Nous avons demandé aux participants à l’atelier de se pencher sur trois questions:

1. Selon vous, quels aspects de la qualité de l’éducation postsecondaire, de l’apprentissage des étudiants ou de l’expérience scolaire doivent absolument être mesurés ou permettent le mieux de comprendre ces enjeux?

2. En particulier, comment mesurez-vous actuellement (ou comptez-vous mesurer) ces caractéristiques? Quels indicateurs précis recommandez-vous et utilisez-vous, et pourquoi?

3. Comment les établissements et gouvernements (ou les organismes associés au gouvernement, comme les conseils d’assurance de la qualité, les instances d’accréditation) utilisent-ils ou devraient-ils utiliser ces mesures? De quelle façon ces mesures sont-elles déclarées et diffusées et, d’après votre expérience, quelles répercussions ont-elles eues? Sur ce dernier point, nous souhaitons tout particulièrement entendre vos points de vue et témoignages au sujet de la façon dont ces mesures de la qualité de l’éducation ont eu une influence sur les programmes et programmes d’études postsecondaires, les politiques gouvernementales ou les ressources affectées par les gouvernements et établissements d’enseignement.
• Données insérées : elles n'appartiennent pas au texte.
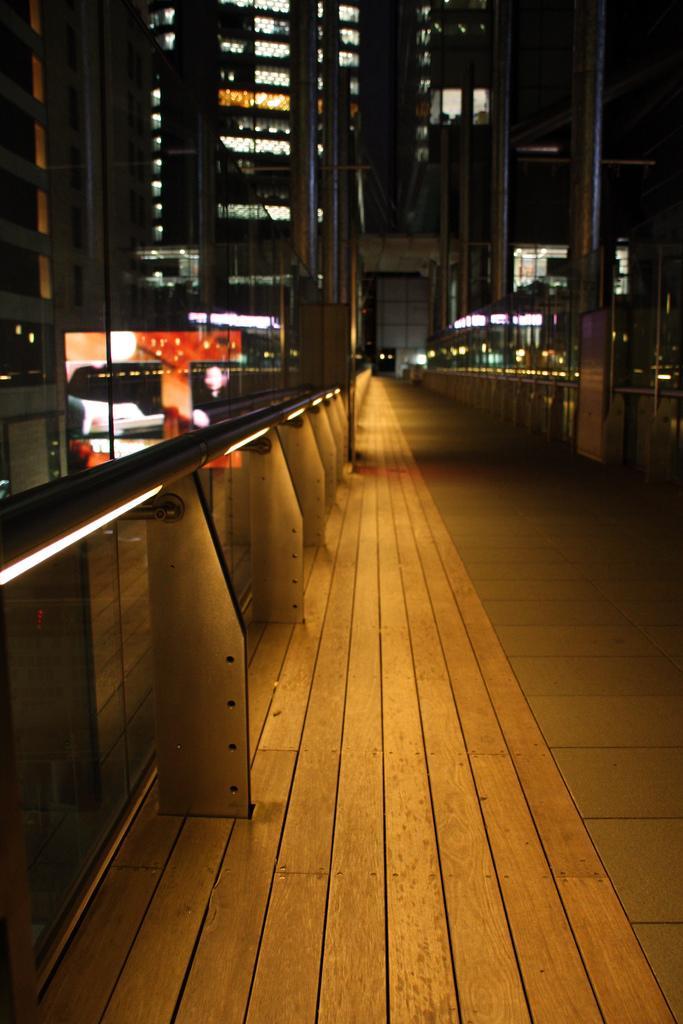In one or two sentences, can you explain what this image depicts? In this image we can see railings, poles, buildings and lights.

Nous avons délibérément invité qu’un petit nombre de participants à l’atelier, car nous avons l’intention de les cajoler de façon éhontée afin de retirer tout ce que nous pourrons d’eux.

Par souci d’exhaustivité et de clarté, les efforts que nous déployons sur la mesure de la qualité de l’éducation n’ont rien à voir avec le classement des établissements d’enseignement. Ils consistent plutôt en un exercice d’amélioration continue de l’enseignement postsecondaire. On ne peut pas gérer ou améliorer ce que l’on ne peut pas mesurer.

Nous avons bien hâte de tenir cet atelier et nous vous communiquerons les leçons que nous y aurons apprises. De plus, les participants prépareront un chapitre résumant leurs travaux et conseils. Nous les publierons sous forme de livre par l’entremise de la School of Policy Studies de l’Université Queen’s en 2018.

Je vous remercie d’avoir lu ce billet.